Haz las paces con las apps de ligar: cómo usarlas bien para encontrar por fin el amor

Las apps de citas pueden ser una gran oportunidad para crear nuevas relaciones, pero la falta de compromiso actual hace que les hayamos cogido un poco de manía. El truco está en cómo se usan.

Por María Muñiz Marcelo

25 de enero de 2024 / 17:06

Las apps para ligar salen de forma recurrente en las conversaciones con mis amigos. Y no sólo me pasa a mí, porque ellos también hablan de ellas con otros amigos. O sea que son protagonistas de las charlas de todos los grupos del siglo XXI. Y, aunque muchas veces las aplicaciones de citas salen a escena por lo fácil que ponen ligar en los tiempos que corren, o para dar la opinión sobre un posible match, últimamente la conversación se centra en lo difícil que es encontrar a alguien con quien crear una relación de pareja. He visto auténticos sentimientos de frustración y agotamiento reflejados en las caras de mis amigas. Y ojos abiertos como platos cuando una de ellas cuenta que tiene una relación formal con alguien al que ha conocido en Tinder.
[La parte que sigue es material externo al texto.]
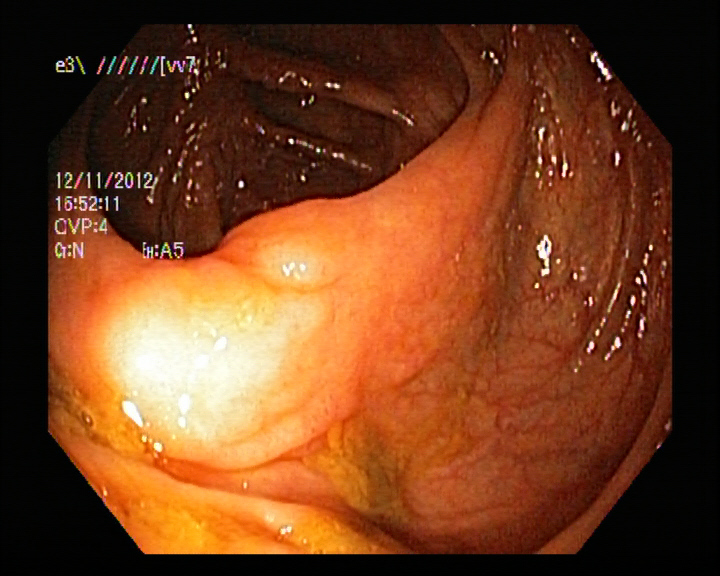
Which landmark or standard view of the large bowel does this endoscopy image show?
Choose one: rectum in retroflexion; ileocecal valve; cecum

ileocecal valve
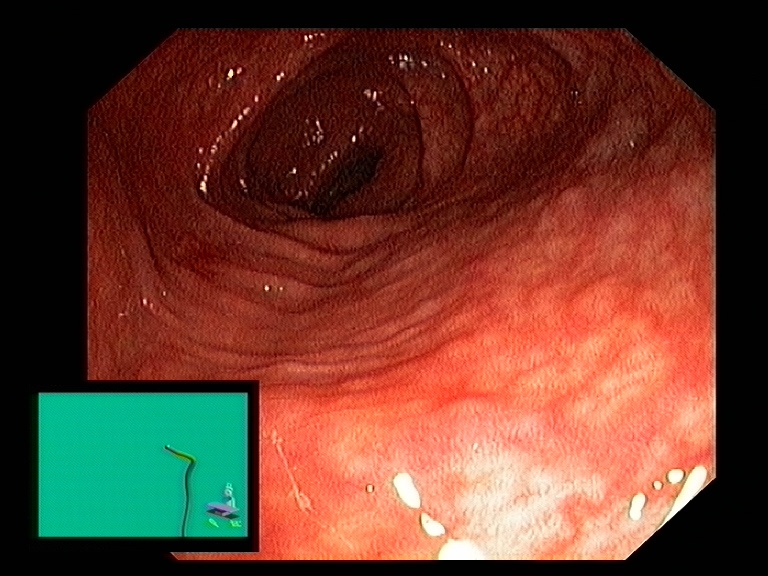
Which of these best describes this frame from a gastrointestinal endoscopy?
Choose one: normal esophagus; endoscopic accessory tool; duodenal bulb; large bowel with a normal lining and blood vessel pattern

large bowel with a normal lining and blood vessel pattern
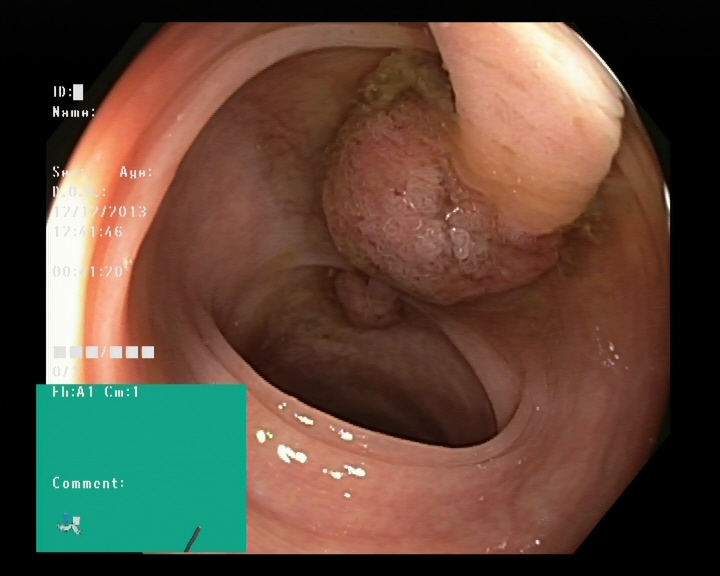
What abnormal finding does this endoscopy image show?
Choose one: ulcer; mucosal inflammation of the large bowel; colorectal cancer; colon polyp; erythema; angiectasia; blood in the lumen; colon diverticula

colon polyp
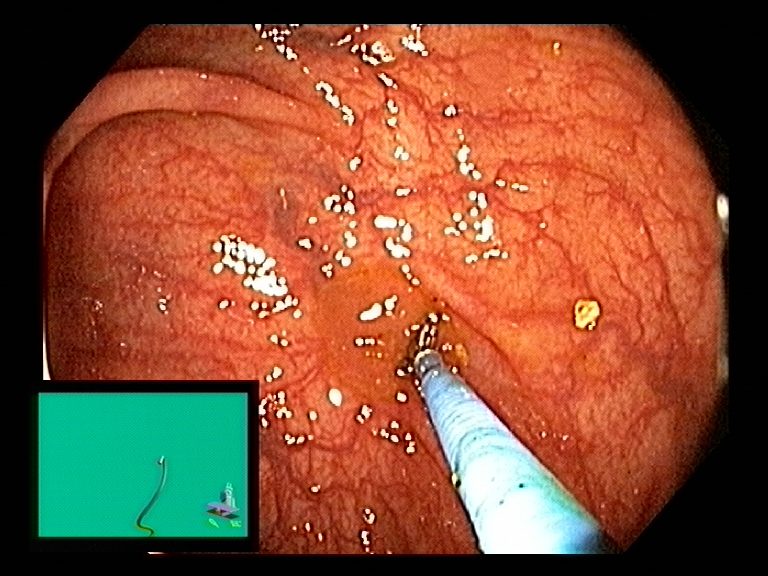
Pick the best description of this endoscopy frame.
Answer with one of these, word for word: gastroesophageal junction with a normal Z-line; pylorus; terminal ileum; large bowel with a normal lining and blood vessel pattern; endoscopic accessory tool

endoscopic accessory tool
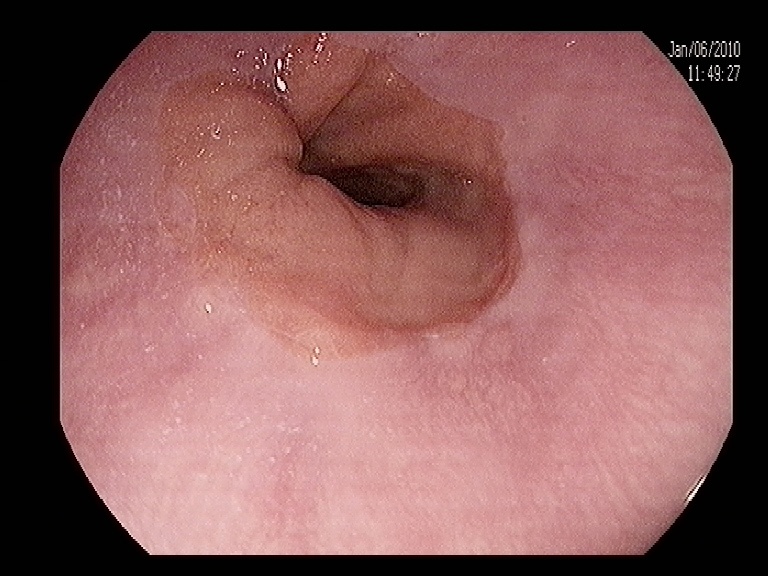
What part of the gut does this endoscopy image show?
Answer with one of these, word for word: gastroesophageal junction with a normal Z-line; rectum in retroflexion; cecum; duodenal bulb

gastroesophageal junction with a normal Z-line
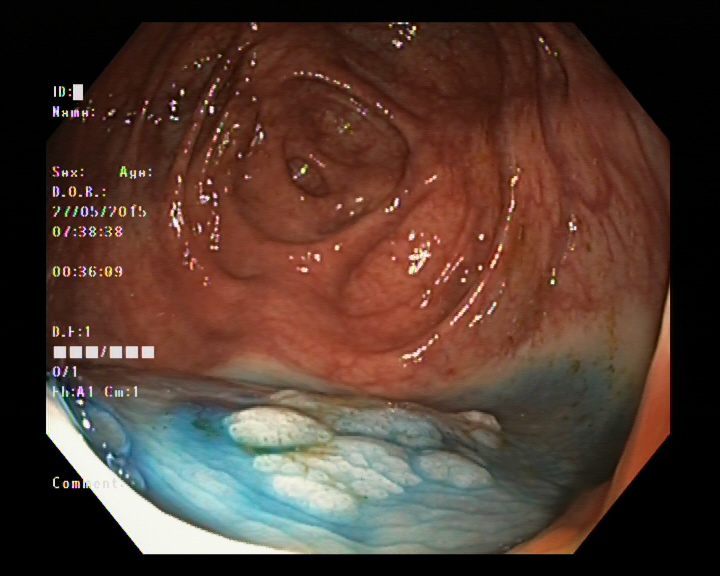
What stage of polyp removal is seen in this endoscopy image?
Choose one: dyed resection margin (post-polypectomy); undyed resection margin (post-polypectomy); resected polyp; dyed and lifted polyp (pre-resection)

dyed and lifted polyp (pre-resection)
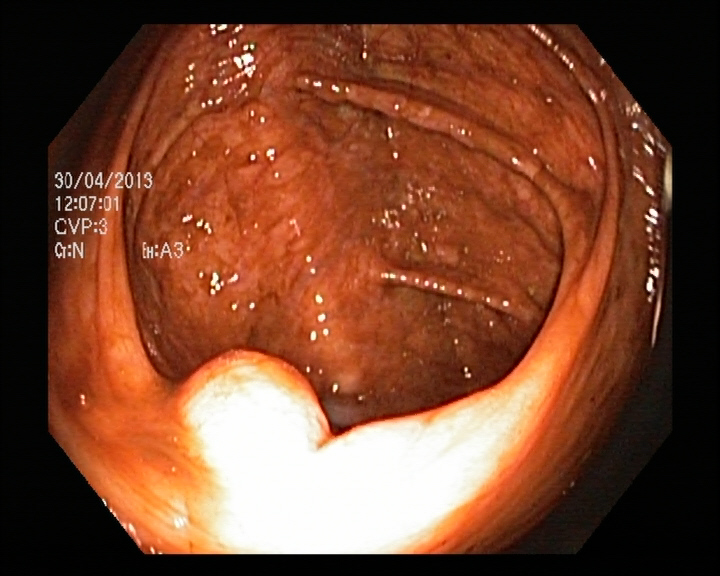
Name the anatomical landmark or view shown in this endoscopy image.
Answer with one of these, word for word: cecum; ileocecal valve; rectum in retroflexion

ileocecal valve
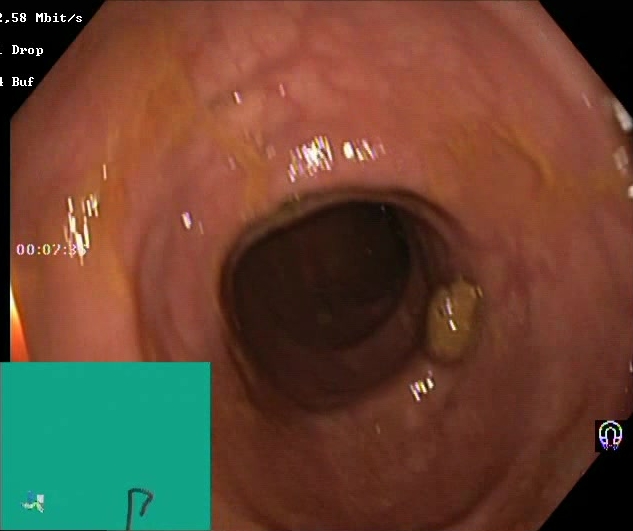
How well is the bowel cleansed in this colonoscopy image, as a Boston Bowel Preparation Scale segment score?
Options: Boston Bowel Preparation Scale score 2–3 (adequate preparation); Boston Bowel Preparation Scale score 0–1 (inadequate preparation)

Boston Bowel Preparation Scale score 2–3 (adequate preparation)
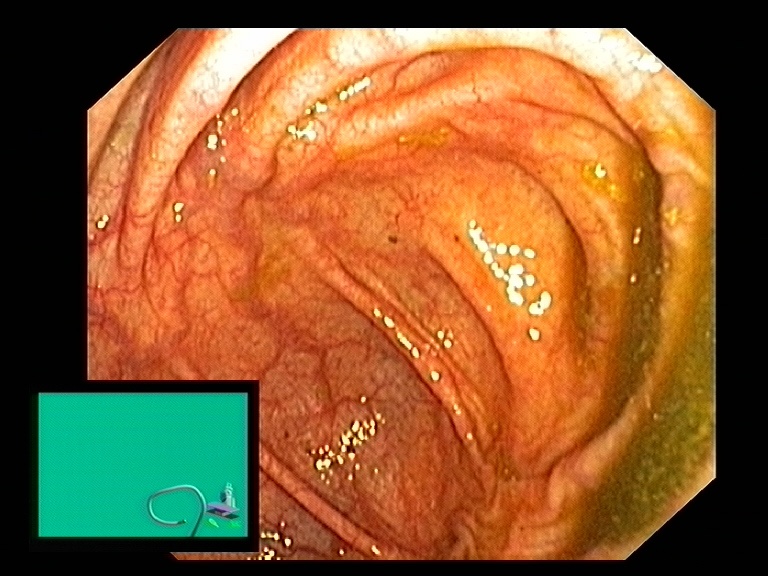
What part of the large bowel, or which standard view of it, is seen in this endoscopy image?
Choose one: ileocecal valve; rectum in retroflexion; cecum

cecum
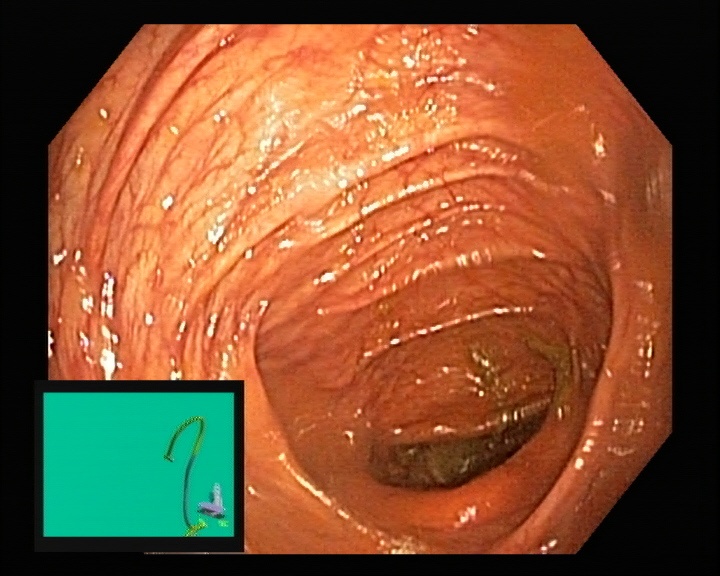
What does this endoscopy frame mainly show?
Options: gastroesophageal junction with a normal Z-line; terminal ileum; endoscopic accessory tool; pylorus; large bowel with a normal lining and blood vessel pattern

large bowel with a normal lining and blood vessel pattern
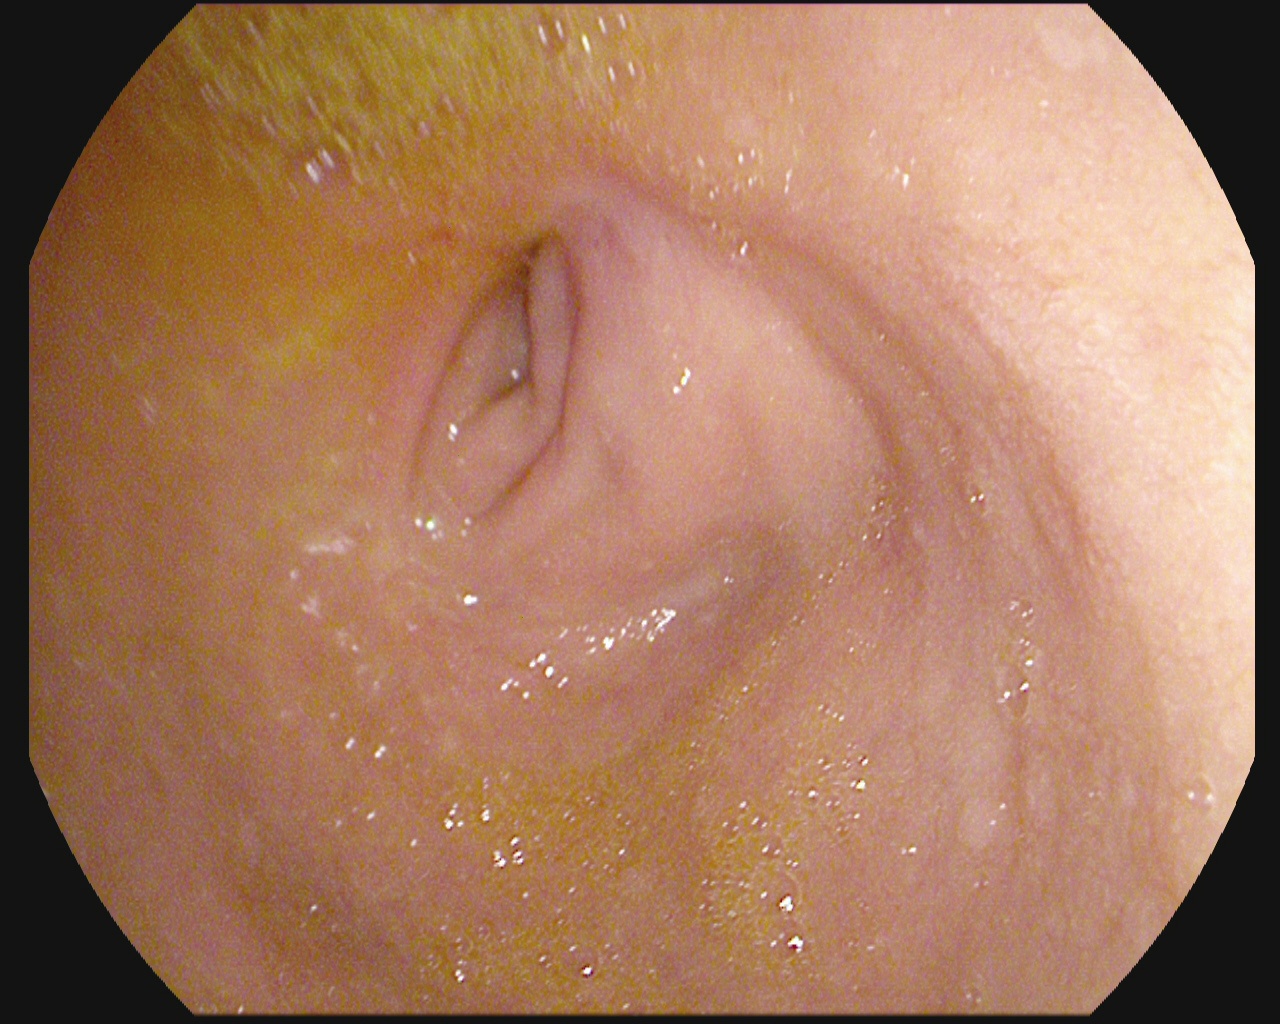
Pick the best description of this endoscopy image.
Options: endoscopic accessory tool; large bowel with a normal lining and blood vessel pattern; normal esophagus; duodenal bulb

duodenal bulb

Sí, como si eso fuera algo que pasa como el Cometa Halley. Pero nada más lejos de la realidad. Quizás es que no usamos bien las apps de citas.

Según un informe desarrollado por la plataforma de citas Badoo, al 23% de los solteros encuestados en España les cuesta exponerse en las apps de citas y el 71% ha borrado una app de citas por falta de confianza. Datos que no son de extrañar porque, ¿quién no ha sentido en su propio estómago esa pequeña punzada cuando, de repente, te hacen ghosting? O ese desaliento cuando notas que otra vez ha fracasado ese mini proyecto de relación. Claro, si esto pasa una y otra vez, terminas por culparte a ti. Pero, error, el fallo no está en ti. Pero tampoco culpes a las apps de citas, porque pueden ser una gran herramienta para conocer a alguien con el que compartir tu vida durante más o menos tiempo, sólo que no las enfocas como deberías.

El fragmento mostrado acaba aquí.